The call light began flashing in front of Alia, their escort captain wanting to know why they returned to the desert. She took the microphone, explained that they had paid a brief homage to her father’s tomb. The captain reminded her that it was late.
“We will go to Arrakeen now,” she said, replacing the microphone.
Hayt took a deep breath, banked their ’thopter around to the north.
“It was my father’s arm you felt, wasn’t it?” she asked.
“Perhaps.”
His voice was that of the mentat computing probabilities, and she saw he had regained his composure.
“Are you aware of how I know my father?” she asked.
“I have some idea.”
“Let me make it clear,” she said. Briefly, she explained how she had awakened to Reverend Mother awareness before birth, a terrified fetus with the knowledge of countless lives embedded in her nerve cells—and all this after the death of her father.
“I know my father as my mother knew him,” she said. “In every last detail of every experience she shared with him. In a way, I am my mother. I have all her memories up to the moment when she drank the Water of Life and entered the trance of transmigration.”
“Your brother explained something of this.”
“He did? Why?”
“I asked.”
“Why?”
“A mentat requires data.”
“Oh.” She looked down at the flat expanse of the Shield Wall—tortured rock, pits and crevices.

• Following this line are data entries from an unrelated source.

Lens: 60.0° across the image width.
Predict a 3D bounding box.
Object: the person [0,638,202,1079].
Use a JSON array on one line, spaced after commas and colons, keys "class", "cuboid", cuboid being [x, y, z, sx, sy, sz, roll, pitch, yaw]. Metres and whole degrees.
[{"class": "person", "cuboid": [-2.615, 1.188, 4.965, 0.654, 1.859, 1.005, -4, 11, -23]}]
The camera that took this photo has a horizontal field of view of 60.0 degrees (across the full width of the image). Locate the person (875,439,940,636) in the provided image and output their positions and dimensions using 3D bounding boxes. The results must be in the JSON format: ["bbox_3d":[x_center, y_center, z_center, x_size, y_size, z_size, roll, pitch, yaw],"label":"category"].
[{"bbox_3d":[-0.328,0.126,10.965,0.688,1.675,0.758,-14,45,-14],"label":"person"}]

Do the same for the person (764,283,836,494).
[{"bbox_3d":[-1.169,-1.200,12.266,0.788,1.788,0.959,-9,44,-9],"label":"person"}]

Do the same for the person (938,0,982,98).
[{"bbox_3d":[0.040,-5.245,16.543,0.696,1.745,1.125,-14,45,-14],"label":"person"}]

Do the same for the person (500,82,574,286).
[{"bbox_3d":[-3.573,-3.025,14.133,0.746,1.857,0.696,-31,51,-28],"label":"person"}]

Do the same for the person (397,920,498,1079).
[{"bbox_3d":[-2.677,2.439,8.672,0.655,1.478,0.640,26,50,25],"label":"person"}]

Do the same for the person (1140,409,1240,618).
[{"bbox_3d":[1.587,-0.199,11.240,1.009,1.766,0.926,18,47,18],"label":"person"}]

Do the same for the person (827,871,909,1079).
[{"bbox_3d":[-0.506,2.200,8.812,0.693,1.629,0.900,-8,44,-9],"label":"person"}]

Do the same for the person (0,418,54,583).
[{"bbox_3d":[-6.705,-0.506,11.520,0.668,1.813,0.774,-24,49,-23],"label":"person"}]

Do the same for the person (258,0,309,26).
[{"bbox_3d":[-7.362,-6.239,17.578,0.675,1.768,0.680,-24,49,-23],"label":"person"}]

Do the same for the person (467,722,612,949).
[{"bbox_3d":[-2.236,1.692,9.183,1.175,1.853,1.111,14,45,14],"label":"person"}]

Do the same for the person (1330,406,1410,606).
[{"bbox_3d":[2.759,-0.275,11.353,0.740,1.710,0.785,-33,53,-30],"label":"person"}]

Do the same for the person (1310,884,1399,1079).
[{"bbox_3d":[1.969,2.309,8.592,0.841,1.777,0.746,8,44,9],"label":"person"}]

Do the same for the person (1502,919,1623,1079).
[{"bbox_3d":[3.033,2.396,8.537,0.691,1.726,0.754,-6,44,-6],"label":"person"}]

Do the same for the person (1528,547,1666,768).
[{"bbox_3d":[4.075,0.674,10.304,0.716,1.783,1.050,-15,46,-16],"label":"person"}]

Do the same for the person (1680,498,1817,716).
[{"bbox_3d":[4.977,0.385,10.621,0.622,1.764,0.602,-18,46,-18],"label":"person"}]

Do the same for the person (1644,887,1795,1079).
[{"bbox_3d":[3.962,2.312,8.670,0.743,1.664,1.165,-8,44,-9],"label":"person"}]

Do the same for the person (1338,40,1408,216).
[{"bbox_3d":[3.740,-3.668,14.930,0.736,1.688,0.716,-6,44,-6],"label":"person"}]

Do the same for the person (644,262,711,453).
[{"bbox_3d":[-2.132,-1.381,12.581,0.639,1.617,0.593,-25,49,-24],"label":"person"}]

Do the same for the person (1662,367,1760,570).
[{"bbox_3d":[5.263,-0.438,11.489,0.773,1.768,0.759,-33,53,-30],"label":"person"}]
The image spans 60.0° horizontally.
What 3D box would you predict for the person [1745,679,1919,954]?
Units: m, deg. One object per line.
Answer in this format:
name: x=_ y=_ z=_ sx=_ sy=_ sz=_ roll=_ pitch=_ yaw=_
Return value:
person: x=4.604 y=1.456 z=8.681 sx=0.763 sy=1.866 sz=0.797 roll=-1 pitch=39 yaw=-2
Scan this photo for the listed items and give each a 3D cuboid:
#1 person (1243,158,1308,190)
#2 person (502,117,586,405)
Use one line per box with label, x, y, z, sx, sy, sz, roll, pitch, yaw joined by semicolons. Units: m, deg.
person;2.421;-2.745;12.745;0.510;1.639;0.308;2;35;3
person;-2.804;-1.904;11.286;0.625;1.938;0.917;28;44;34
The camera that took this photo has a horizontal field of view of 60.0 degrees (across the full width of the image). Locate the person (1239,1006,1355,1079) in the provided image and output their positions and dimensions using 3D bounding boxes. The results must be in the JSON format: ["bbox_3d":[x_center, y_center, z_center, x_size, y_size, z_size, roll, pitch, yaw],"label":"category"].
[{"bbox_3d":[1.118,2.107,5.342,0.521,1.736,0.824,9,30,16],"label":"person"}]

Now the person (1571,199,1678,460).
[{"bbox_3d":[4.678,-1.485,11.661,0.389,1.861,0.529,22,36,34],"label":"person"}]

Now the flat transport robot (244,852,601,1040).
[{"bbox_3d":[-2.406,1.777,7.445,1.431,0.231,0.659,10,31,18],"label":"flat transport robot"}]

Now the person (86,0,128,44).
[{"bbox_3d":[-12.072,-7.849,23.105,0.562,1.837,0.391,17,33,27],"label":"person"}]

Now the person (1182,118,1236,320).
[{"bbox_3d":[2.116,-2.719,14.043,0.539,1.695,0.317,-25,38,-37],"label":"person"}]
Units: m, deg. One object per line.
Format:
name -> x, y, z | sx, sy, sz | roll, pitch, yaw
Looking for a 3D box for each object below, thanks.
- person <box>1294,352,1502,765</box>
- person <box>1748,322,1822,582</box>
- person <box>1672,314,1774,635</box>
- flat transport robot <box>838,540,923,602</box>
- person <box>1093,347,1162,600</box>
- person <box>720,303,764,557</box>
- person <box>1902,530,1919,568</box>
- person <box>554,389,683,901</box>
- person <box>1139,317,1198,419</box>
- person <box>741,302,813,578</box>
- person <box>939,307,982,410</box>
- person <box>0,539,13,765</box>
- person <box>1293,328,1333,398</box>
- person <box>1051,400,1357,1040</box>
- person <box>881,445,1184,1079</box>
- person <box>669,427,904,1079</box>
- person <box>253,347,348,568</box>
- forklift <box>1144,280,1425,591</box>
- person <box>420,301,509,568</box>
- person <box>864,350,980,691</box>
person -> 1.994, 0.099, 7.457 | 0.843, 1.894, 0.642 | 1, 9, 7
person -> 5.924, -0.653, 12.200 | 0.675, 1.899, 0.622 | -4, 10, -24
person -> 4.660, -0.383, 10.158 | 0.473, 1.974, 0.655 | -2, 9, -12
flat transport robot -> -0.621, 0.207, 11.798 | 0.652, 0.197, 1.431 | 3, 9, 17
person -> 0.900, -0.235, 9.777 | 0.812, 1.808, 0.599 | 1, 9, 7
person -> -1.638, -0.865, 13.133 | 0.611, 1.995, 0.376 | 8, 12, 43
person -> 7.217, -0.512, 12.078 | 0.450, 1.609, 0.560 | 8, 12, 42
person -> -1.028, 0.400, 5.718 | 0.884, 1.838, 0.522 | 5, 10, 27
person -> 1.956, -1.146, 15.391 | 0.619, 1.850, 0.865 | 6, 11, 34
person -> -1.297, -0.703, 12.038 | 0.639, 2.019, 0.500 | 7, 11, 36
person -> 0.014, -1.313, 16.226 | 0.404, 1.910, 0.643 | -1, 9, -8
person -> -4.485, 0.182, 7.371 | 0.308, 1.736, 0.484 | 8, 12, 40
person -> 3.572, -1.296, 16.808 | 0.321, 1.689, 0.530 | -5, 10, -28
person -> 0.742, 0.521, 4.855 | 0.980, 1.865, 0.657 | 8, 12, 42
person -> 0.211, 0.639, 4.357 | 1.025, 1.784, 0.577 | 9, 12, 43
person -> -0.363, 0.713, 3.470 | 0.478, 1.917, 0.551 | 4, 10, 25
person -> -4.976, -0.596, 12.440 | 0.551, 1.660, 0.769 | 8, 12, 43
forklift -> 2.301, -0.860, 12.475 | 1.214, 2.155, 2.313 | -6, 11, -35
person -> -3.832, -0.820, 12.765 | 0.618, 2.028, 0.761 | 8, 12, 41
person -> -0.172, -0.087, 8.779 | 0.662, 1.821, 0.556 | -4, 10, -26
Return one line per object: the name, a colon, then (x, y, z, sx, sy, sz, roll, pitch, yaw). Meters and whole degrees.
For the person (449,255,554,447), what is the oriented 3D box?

He saw the direction of her gaze, said: “A very exposed place, that down there.”
“But an easy place to hide,” she said. She looked at him. “It reminds me of a human mind … with all its concealments.”
“Ahhh,” he said.
“Ahhh? What does that mean—ahhh?” She was suddenly angry with him and the reason for it escaped her.
“You’d like to know what my mind conceals,” he said. It was a statement, not a question.
“How do you know I haven’t exposed you for what you are by my powers of prescience?” she demanded.